A new systematic review and meta-analysis published in the Journal of Integrative Neuroscience analyzed whether physical therapy and rehabilitation treatments could be effective in treating patients with chronic migraine.

The review identified 7 appropriate randomized controlled trials. The studies tested various interventions: Aerobic exercise (AE), osteopathic manipulative treatment (OMT), occipital transcutaneous electrical stimulation (OTES), acupressure, hydrotherapy, instrument-assisted soft tissue mobilization (IASTM), facial proprioceptive neuromuscular facilitation (FPNF), and connective tissue massage (CTM).

Let’s talk results:

  1. Study compared AE + amitriptyline vs amitriptyline alone. AE + medication reduced headache frequency, duration, intensity vs medication alone.
  2. Study compared OMT + medication vs sham manipulation + medication vs medication alone. OMT + medication improved quality of life, reduced disability, pain, monthly migraine days vs medication alone or sham OMT + medication.
  3. Hydrotherapy + medication improved headache intensity, frequency, quality of life vs medication alone.
  4. IASTM and OTES reduced headache intensity and neck pain, improved quality of life vs no intervention.
  5. FPNF and CTM reduced headache intensity, no difference between techniques.
  6. Acupressure + sodium valproate showed no additional benefits vs sodium valproate alone.
  7. Meta-analysis showed that manual therapy + medication significantly reduced headache intensity (p=0.0796) and headache days/month (p=0.047) vs medication alone.

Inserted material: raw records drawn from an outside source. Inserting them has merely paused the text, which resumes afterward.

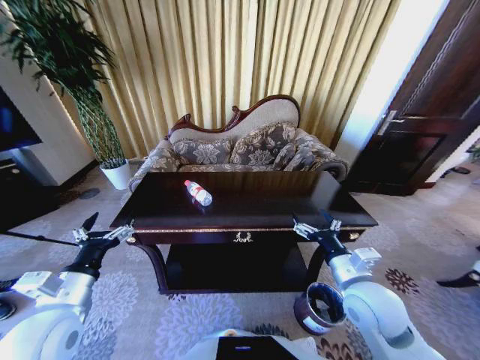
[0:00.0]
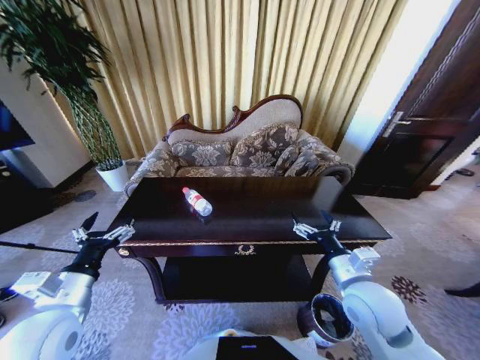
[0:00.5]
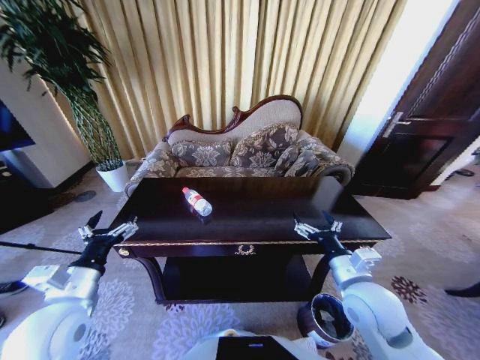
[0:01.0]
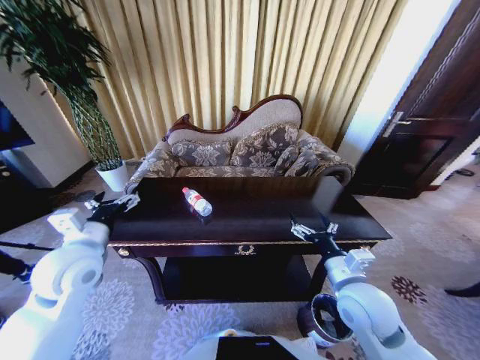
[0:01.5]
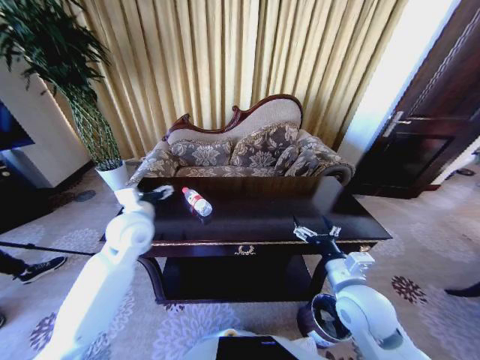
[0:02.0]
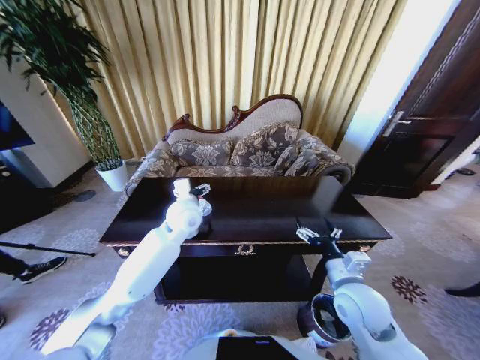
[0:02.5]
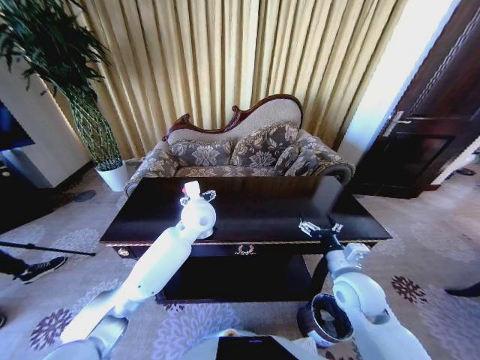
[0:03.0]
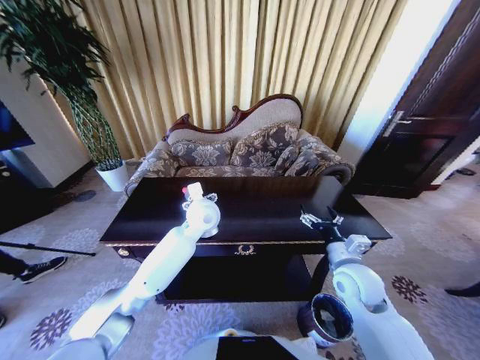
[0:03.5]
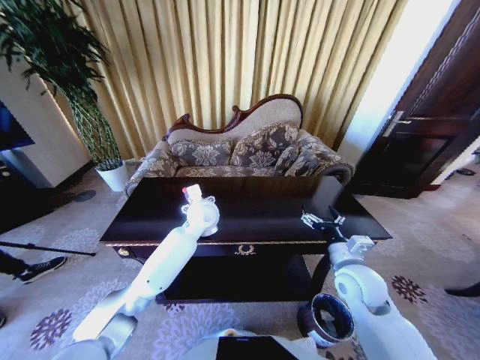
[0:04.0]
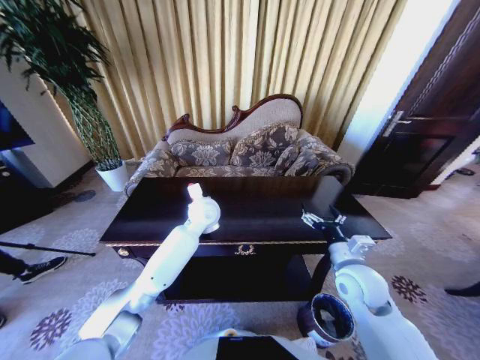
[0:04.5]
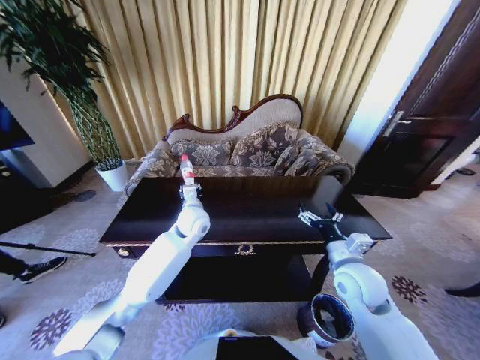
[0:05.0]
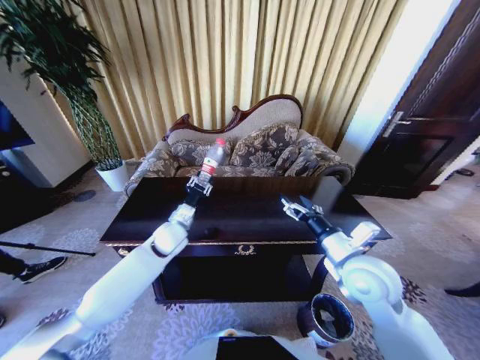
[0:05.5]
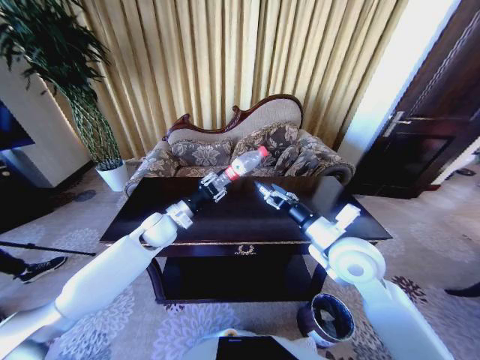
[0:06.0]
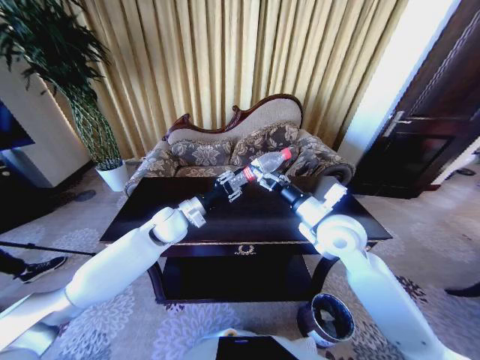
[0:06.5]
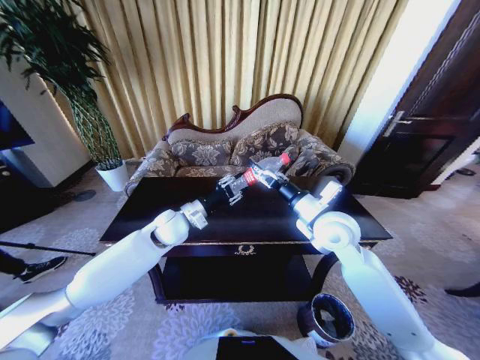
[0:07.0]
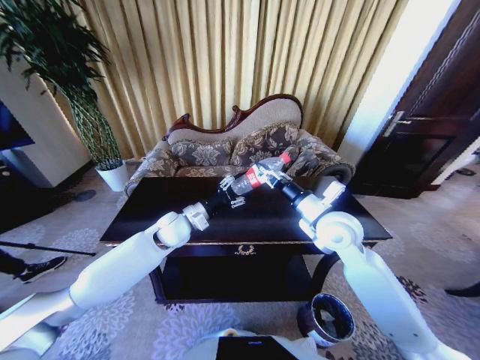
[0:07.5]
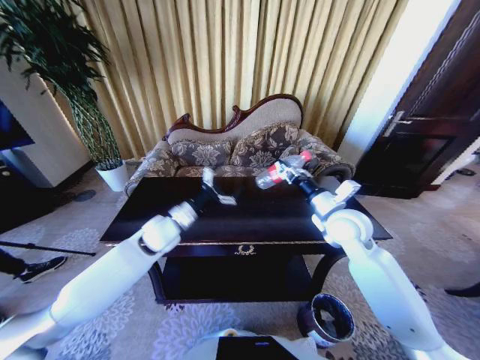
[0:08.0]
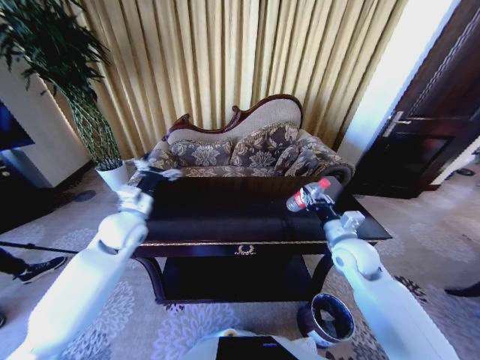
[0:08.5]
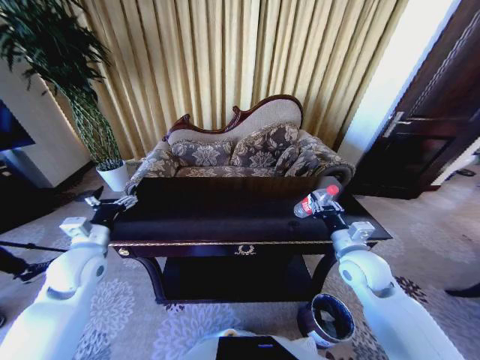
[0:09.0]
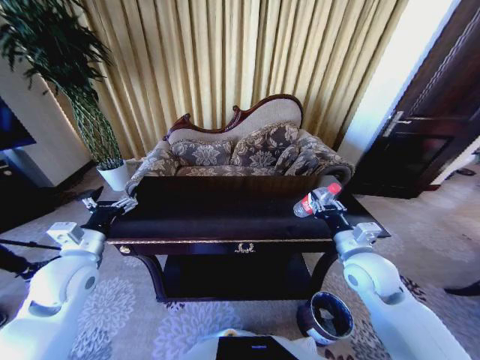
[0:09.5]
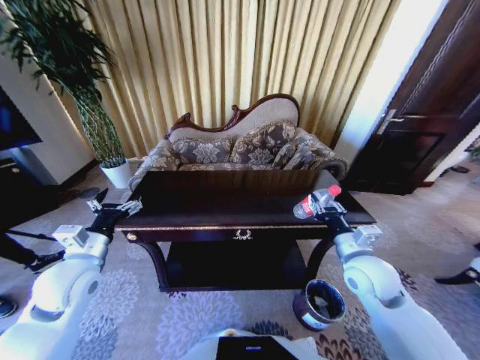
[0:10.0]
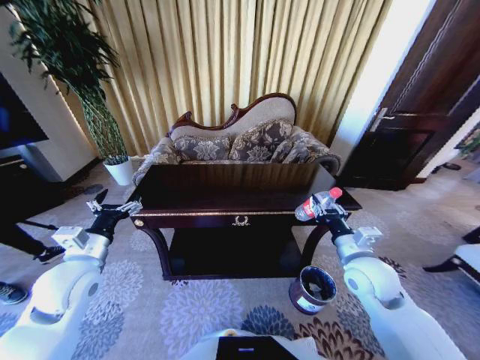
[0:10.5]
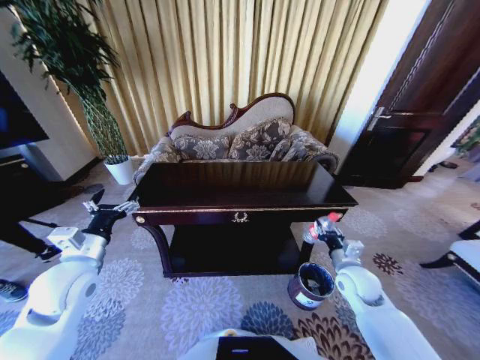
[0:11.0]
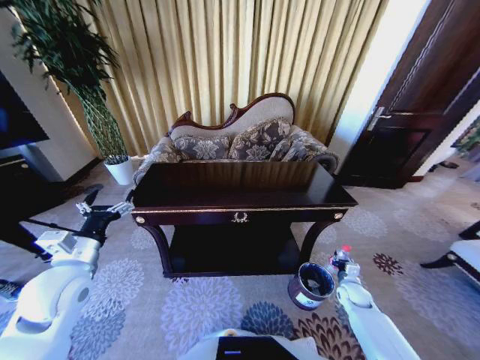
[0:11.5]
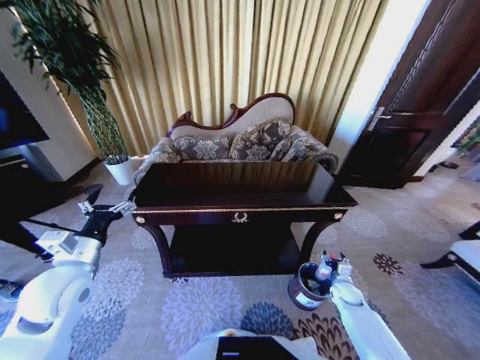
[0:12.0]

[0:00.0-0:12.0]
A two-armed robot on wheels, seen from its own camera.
Task of the whole recording: Move to the front of the table and place the trash on the table into the trash bin.
0:00.0 to 0:02.0: The left gripper moves forward, roughly 20 cm.
0:02.0 to 0:04.0: The right gripper moves forward, roughly 5 cm, while the left gripper travels to the right and forward by approximately 20 cm.
0:04.0 to 0:06.0: The left gripper heads to the left, covering roughly 15 cm, and closes up; the right gripper is displaced upward and to the left by about 10 cm.
0:06.0 to 0:08.0: The left gripper opens up. Meanwhile the right gripper travels forward by roughly 10 cm, and closes its fingers.
0:08.0 to 0:10.0: The left gripper goes approximately 20 cm to the left and backward. Meanwhile the right gripper shifts roughly 10 cm backward and downward.
0:10.0 to 0:12.0: The right gripper is displaced downward and to the right by about 30 cm.

While the evidence is limited, it does show that medication combined with physical therapy and rehabilitation, especially manual therapy (according to the data from the meta-analysis of 5 trials), may be more effective than medication alone.

When combined with medications, these physical therapy modalities reduced chronic migraine headache frequency, severity, and duration compared to medication alone. They also improved disability and quality of life for chronic migraine patients. 

So while physical therapy and rehabilitation techniques appear advantageous as complementary treatments for chronic migraine, larger (and more thorough) studies are still necessary.

This does emphasize a need for a multi-disciplinary approach to chronic migraine as it may optimize effectiveness.

Ask your neurologist for a possible referral as they likely know the physical therapists that are migraine-focused.